È finito il Tour de France più veloce della storia. Oltre quarantadue all’ora di media. Nonostante non l’abbiamo corso, e non abbiamo un braccio fasciato né tutte le nuove rughe di Tiesj Benoot della Jumbo-Visma (qualcuno ha fatto notare che le fatiche del Tour l'hanno come trasformato in suo nonno), un certo senso di spossatezza pervade stasera anche noi.

Un indolenzimento lieve ma diffuso, tipico delle vacanze particolarmente dense, quando sulla via del ritorno, sospesi in un luogo che non è più meta del viaggio e non è ancora casa, ci raggiunge la certezza che quello appena trascorso è un tempo di cui un giorno riferiremo ad altri. 

È finito un Tour da record, le tre settimane in cui avemmo l’impressione che se fossimo riusciti a tenere le ruote di Vingegaard e Pogačar, come saltuariamente Geraint Thomas e più spesso i fuggitivi che, rimontati, fissavano per qualche istante la coppia volante nel tentativo di carpirne la superiore essenza, ecco, quei due ci avrebbero condotti infine verso una dimensione parallela, o un altro sistema solare.

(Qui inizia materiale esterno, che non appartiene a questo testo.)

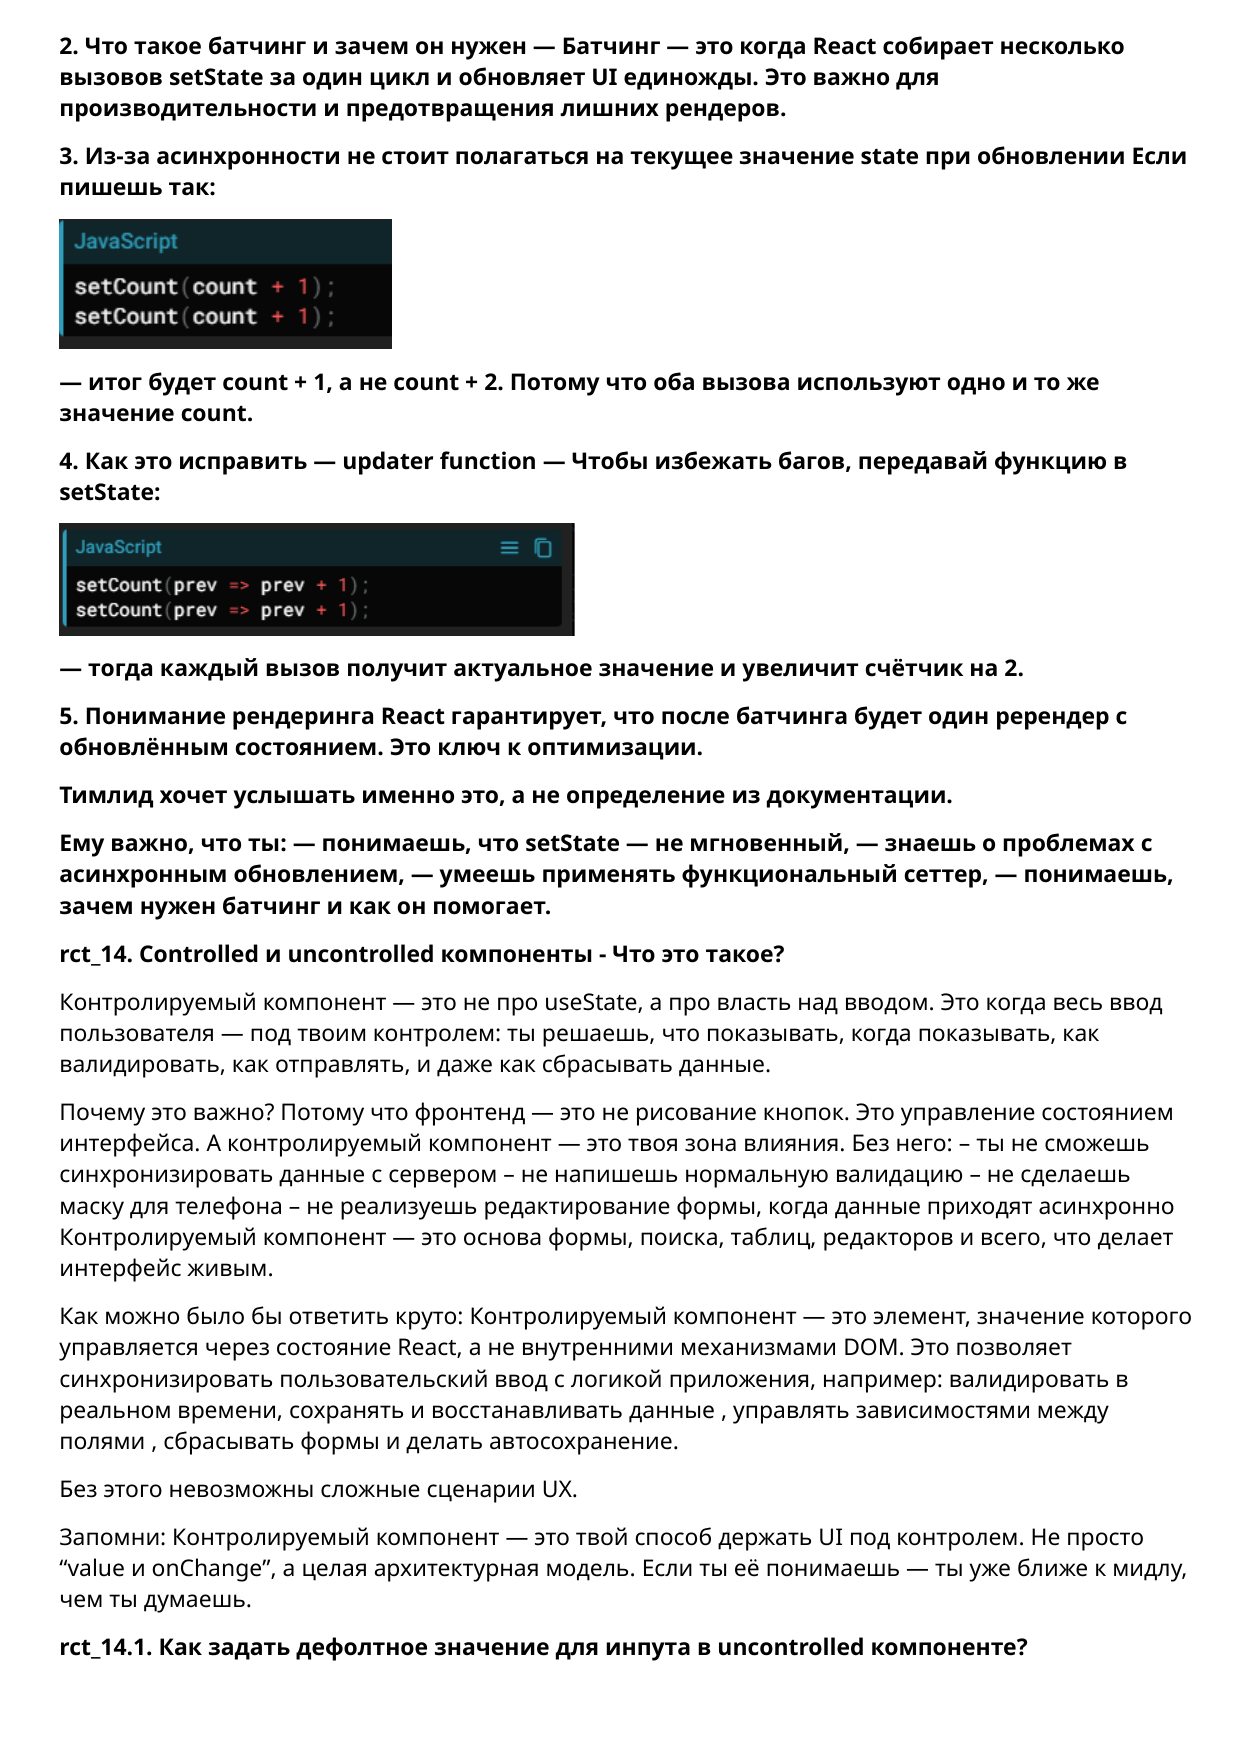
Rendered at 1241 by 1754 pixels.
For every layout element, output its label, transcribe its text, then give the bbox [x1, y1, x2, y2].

text Почему это важно? Потому что фронтенд — это не рисование кнопок. Это управление состоянием интерфейса. А контролируемый компонент — это твоя зона влияния. Без него: – ты не сможешь синхронизировать данные с сервером – не напишешь нормальную валидацию – не сделаешь маску для телефона – не реализуешь редактирование формы, когда данные приходят асинхронно Контролируемый компонент — это основа формы, поиска, таблиц, редакторов и всего, что делает интерфейс живым. [59, 1096, 1196, 1283]
text Запомни: Контролируемый компонент — это твой способ держать UI под контролем. Не просто “value и onChange”, а целая архитектурная модель. Если ты её понимаешь — ты уже ближе к мидлу, чем ты думаешь. [59, 1521, 1196, 1615]
picture [59, 219, 392, 349]
picture [59, 523, 575, 636]
text — итог будет count + 1, а не count + 2. Потому что оба вызова используют одно и то же значение count. [59, 366, 1196, 428]
text 3. Из-за асинхронности не стоит полагаться на текущее значение state при обновлении Если пишешь так: [59, 140, 1196, 202]
text 4. Как это исправить — updater function — Чтобы избежать багов, передавай функцию в setState: [59, 445, 1196, 507]
text 5. Понимание рендеринга React гарантирует, что после батчинга будет один ререндер с обновлённым состоянием. Это ключ к оптимизации. [59, 700, 1196, 763]
text Без этого невозможны сложные сценарии UX. [59, 1473, 1196, 1504]
text Тимлид хочет услышать именно это, а не определение из документации. [59, 779, 1196, 811]
text rct_14. Controlled и uncontrolled компоненты - Что это такое? [59, 938, 1196, 969]
text rct_14.1. Как задать дефолтное значение для инпута в uncontrolled компоненте? [59, 1631, 1196, 1663]
text Как можно было бы ответить круто: Контролируемый компонент — это элемент, значение которого управляется через состояние React, а не внутренними механизмами DOM. Это позволяет синхронизировать пользовательский ввод с логикой приложения, например: валидировать в реальном времени, сохранять и восстанавливать данные , управлять зависимостями между полями , сбрасывать формы и делать автосохранение. [59, 1300, 1196, 1456]
text Контролируемый компонент — это не про useState, а про власть над вводом. Это когда весь ввод пользователя — под твоим контролем: ты решаешь, что показывать, когда показывать, как валидировать, как отправлять, и даже как сбрасывать данные. [59, 986, 1196, 1079]
text Ему важно, что ты: — понимаешь, что setState — не мгновенный, — знаешь о проблемах с асинхронным обновлением, — умеешь применять функциональный сеттер, — понимаешь, зачем нужен батчинг и как он помогает. [59, 827, 1196, 921]
text 2. Что такое батчинг и зачем он нужен — Батчинг — это когда React собирает несколько вызовов setState за один цикл и обновляет UI единожды. Это важно для производительности и предотвращения лишних рендеров. [59, 29, 1196, 123]
text — тогда каждый вызов получит актуальное значение и увеличит счётчик на 2. [59, 652, 1196, 683]

Perpetua officina di sogni e memorie, il Tour. «Fabbrica di eroi» come scrisse Pierre Chany, cent’anni dalla nascita quest’anno, del quale Jacques Anquetil attendeva di leggere i resoconti ogni mattina per sapere come e perché in corsa avesse fatto quel che aveva fatto, e che morì nel giugno del 1996, alla vigilia del suo cinquantesimo Tour da inviato.